Multiply the two outputs of 0 and 51 to obtain the formula (a+b+c)(-a+b+c)(a-b+c)(a
+b−c) (hereinafter referred to as B). The multiplier 53 receives the output B of the multiplier 52 in the previous stage.
This is a circuit that obtains B×3 based on . The square root calculator 54 is a circuit that obtains the square root √3 of the output 3B of the multiplier 53 at the previous stage. The adder 55 is a circuit that adds the output of the arithmetic unit 54 in the preceding stage and the output of the adder 36 to obtain the equation representing A, a ² +b ² +c ² +√3. The 1/2 divider 56 is a circuit that obtains 1/2 of the output of the adder 55 at the previous stage. Square root calculator 57
is the square root of the output of the 1/2 divider 56 in the previous stage, that is, A
This is to obtain the output of the formula that shows . The multiplier 58 multiplies the output A of the arithmetic unit 57 in the previous stage by 3 to obtain 3A, and supplies this to the dividers 37, 38, and 39 of each phase. The divider 69 is the square root operator 57
Find 1/3 of the output A of , and add this to adders 40, 41,
42. The accuracy of the method using the line current-to-phase current conversion circuit 17 shown in FIG. 2 is shown below. In the circuit shown in Figure 1, the phase current flowing through loads 5 to 13 was directly measured using a current transformer, and the total phase current of the first, second, and third phases was determined to be 0.3 (A) and 0.6 (A). ), 0.9(A).
When the line currents of the first, second, and third phases in this case were measured using current detectors 14, 15, and 16, they were found to be 1.06
(A), 0.8 (A), and 1.38 (A). The phase currents x, y, and z of the first, second, and third phases of the output stage of the conversion circuit 17 are 0.31 (A), 0.6 (A), and 0.89 (A).
It was hot. Therefore, the total phase current can be determined by the conversion circuit 17 with an error within ±1%. Effects of the Invention As is clear from the above, according to the present invention, a large number of single-phase loads having substantially the same power factor are connected between each line,
Even if the load is unbalanced as a whole, the total phase current of each phase can be determined by simply detecting the line current of each phase without directly detecting the phase current of each phase. . Therefore, the total phase current can be easily known with a simple configuration. It is also possible to know the phase current of a three-phase unbalanced load, which cannot be directly measured, such as in an electric furnace.

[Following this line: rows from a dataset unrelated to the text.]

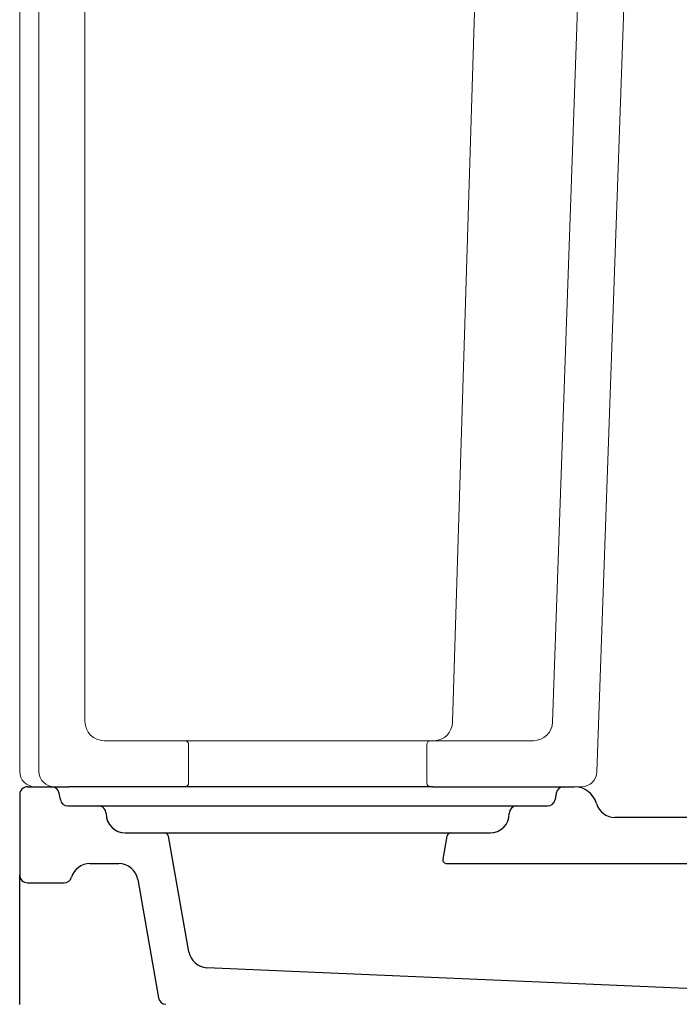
# Model space of a CAD drawing. Header units: millimetres. Extents: x 3783.817 to 3784.418, y 1722.737 to 1723.591.
# Tile 2 of 4: x 3783.817 to 3783.989, y 1723.078 to 1723.335. Entities that reach past the tile are written whole.
import ezdxf

# ---------------------------------------------------------------- set-up
doc = ezdxf.new("R2010")
doc.units = ezdxf.units.MM
doc.layers.add('SANINDUSA', color=3, linetype='Continuous')

msp = doc.modelspace()

# ---------------------------------------------------------------- linework, layer by layer
at = {"layer": 'SANINDUSA', "linetype": 'Continuous', "lineweight": 15}
for p, q in [((3783.834481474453, 1723.545646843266), (3783.834481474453, 1723.151909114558)), ((3783.956260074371, 1723.151734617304), (3783.97001701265, 1723.545681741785)), ((3783.817481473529, 1723.13890911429), (3783.817481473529, 1723.542646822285)), ((3783.822481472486, 1723.542646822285), (3783.822481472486, 1723.13890911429)), ((3783.967814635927, 1723.138769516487), (3783.981915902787, 1723.542577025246)), ((3783.83948147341, 1723.14690911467), (3783.860481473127, 1723.14690911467)), ((3783.860481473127, 1723.14690911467), (3783.924481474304, 1723.14690911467)), ((3783.861481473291, 1723.13590911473), (3783.861481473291, 1723.145909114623)), ((3783.923481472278, 1723.145909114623), (3783.923481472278, 1723.13590911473)), ((3783.924481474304, 1723.14690911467), (3783.951263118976, 1723.14690911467)), ((3783.821774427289, 1723.134909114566), (3783.821481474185, 1723.134909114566)), ((3783.826481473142, 1723.134909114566), (3783.821774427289, 1723.134909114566)), ((3783.826481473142, 1723.134909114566), (3783.860481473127, 1723.134909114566)), ((3783.924481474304, 1723.134909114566), (3783.860481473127, 1723.134909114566)), ((3783.924481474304, 1723.134909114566), (3783.963817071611, 1723.134909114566))]:
    msp.add_line(p, q, dxfattribs=at)
at = {"layer": 'SANINDUSA'}
for p, q in [((3783.819481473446, 1723.134909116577), (3783.825803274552, 1723.134909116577)), ((3783.825803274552, 1723.134909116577), (3783.830284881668, 1723.134909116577)), ((3783.925110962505, 1723.134903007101), (3783.832696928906, 1723.134903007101)), ((3783.927509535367, 1723.134909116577), (3783.931654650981, 1723.134909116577)), ((3783.931654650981, 1723.134909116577), (3783.959163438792, 1723.134909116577)), ((3783.959163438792, 1723.134909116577), (3783.961902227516, 1723.134909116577)), ((3783.817481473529, 1723.132909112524), (3783.817481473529, 1723.11190911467)), ((3783.82807169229, 1723.131561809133), (3783.827772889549, 1723.133256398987)), ((3783.957193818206, 1723.133256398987), (3783.956895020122, 1723.131561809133)), ((3783.830041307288, 1723.129909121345), (3783.837983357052, 1723.129909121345)), ((3783.837983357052, 1723.129909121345), (3783.946983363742, 1723.129909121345)), ((3783.946983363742, 1723.129909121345), (3783.954925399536, 1723.129909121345)), ((3784.045992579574, 1723.126909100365), (3783.972485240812, 1723.126909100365)), ((3783.844983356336, 1723.122909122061), (3783.855233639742, 1723.122909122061)), ((3783.855233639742, 1723.122909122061), (3783.929733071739, 1723.122909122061)), ((3783.861537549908, 1723.091916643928), (3783.856218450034, 1723.122082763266)), ((3783.928748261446, 1723.122082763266), (3783.927690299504, 1723.116082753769)), ((3783.929733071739, 1723.122909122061), (3783.939983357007, 1723.122909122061)), ((3783.835753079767, 1723.114909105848), (3783.843287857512, 1723.114909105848)), ((3783.928675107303, 1723.114909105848), (3784.042699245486, 1723.114909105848)), ((3783.817481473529, 1723.082697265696), (3783.817481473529, 1723.11190911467)), ((3783.819481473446, 1723.109909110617), (3783.82904487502, 1723.109909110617)), ((3783.8482118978, 1723.110777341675), (3783.853656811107, 1723.079897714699)), ((3784.012362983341, 1723.081409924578), (3783.866243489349, 1723.087789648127)), ((3783.817481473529, 1723.07822682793), (3783.817481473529, 1723.082697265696))]:
    msp.add_line(p, q, dxfattribs=at)
at = {"layer": 'SANINDUSA', "linetype": 'Continuous', "lineweight": 15, "flags": 128}
msp.add_lwpolyline([(3783.942277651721, 1723.54164683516), (3783.942122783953, 1723.53665315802), (3783.940882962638, 1723.496678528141), (3783.935922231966, 1723.336779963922), (3783.930178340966, 1723.151734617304)], dxfattribs=at)
at = {"layer": 'SANINDUSA', "linetype": 'Continuous', "lineweight": 15}
for centre, radius, start, end in [((3783.83948147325, 1723.15190911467), 0.005, 180, 270), ((3783.925304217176, 1723.1517820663), 0.004874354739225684, 271.374786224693, 359.4422502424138), ((3783.95126311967, 1723.15190911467), 0.005000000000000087, 270, 357.9999999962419), ((3783.860481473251, 1723.14590911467), 0.0009999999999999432, 0, 90), ((3783.92448147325, 1723.14590911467), 0.0009999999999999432, 90, 180), ((3783.821481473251, 1723.13890911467), 0.004000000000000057, 180, 270), ((3783.82648147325, 1723.13890911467), 0.004000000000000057, 180, 270), ((3783.963817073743, 1723.13890911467), 0.004000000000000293, 270, 357.9999999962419), ((3783.860481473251, 1723.13590911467), 0.001000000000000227, 270, 0), ((3783.92448147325, 1723.13590911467), 0.001000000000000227, 180, 270)]:
    msp.add_arc(centre, radius, start, end, dxfattribs=at)
at = {"layer": 'SANINDUSA'}
for centre, radius, start, end in [((3783.81948147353, 1723.13290911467), 0.00200000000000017, 90, 180), ((3783.825803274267, 1723.13290911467), 0.002000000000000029, 9.999999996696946, 90), ((3783.829514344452, 1722.354551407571), 0.7803580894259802, 89.76632628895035, 89.94342529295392), ((3783.924582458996, 1723.813234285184), 0.6783314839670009, 270.0446404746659, 270.2472384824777), ((3783.959163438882, 1723.13290911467), 0.002000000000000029, 90, 170.0000000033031), ((3783.961902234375, 1723.12890911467), 0.006000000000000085, 15.82662012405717, 90), ((3783.830041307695, 1723.13190911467), 0.002000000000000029, 189.9999999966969, 270), ((3783.837983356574, 1723.12790911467), 0.002000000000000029, 0, 90), ((3783.946983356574, 1723.12790911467), 0.002000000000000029, 90, 180), ((3783.954925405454, 1723.13190911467), 0.002000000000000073, 270, 350.0000000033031), ((3783.972485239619, 1723.13190911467), 0.005000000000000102, 195.8266201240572, 270), ((3783.844983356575, 1723.12790911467), 0.005, 180, 270), ((3783.939983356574, 1723.12790911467), 0.005, 270, 0), ((3783.855233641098, 1723.12190911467), 0.0009999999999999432, 9.999999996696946, 90), ((3783.929733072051, 1723.12190911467), 0.0009999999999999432, 90, 170.0000000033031), ((3783.835753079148, 1723.10990911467), 0.005000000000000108, 90, 163.3984503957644), ((3783.843287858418, 1723.10990911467), 0.005, 9.999999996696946, 90), ((3783.928675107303, 1723.115909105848), 0.001, 170.0000149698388, 270), ((3783.81948147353, 1723.11190911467), 0.00200000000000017, 180, 270), ((3783.829044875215, 1723.11190911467), 0.002000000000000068, 270, 343.3984503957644), ((3783.866461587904, 1723.09278488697), 0.00500000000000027, 189.9999999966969, 267.499999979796), ((3783.855626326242, 1723.080245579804), 0.002000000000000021, 189.9999999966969, 267.499999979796)]:
    msp.add_arc(centre, radius, start, end, dxfattribs=at)

doc.saveas('drawing.dxf')

[Brief explanation of the drawing]

FIG. 1 is a block diagram of a current detection device according to an embodiment of the present invention, and FIG. 2 is a block diagram showing the line current-phase current conversion circuit of FIG. FIG. 3 is a vector diagram showing the relationship between phase current and line current. 1...first track, 2...second track, 3...
Third track, 5, 6, 7, 8, 9, 10, 11,
12, 13... Welding machine load, 14... First current detector, 15... Second current detector, 16... Third current detector, 17... Line current-phase current conversion circuit.

Claims (1)

[Claims] 1. Line currents a, b of the first, second, and third phases of a three-phase AC circuit to which an unbalanced load consisting of a plurality of single-phase loads with substantially the same power factor is connected. , c, first, second, and third line current detectors provided on the first, second, and third lines to detect the first, second, and third lines; the first, second, and third unbalanced loads connected to a current detector;
^The phase ^currents x, y ^{, z of the phases are :} A current detection device for a three-phase AC circuit consisting of a line current-to-phase current conversion circuit calculated according to the formula 3A (where A is [C]).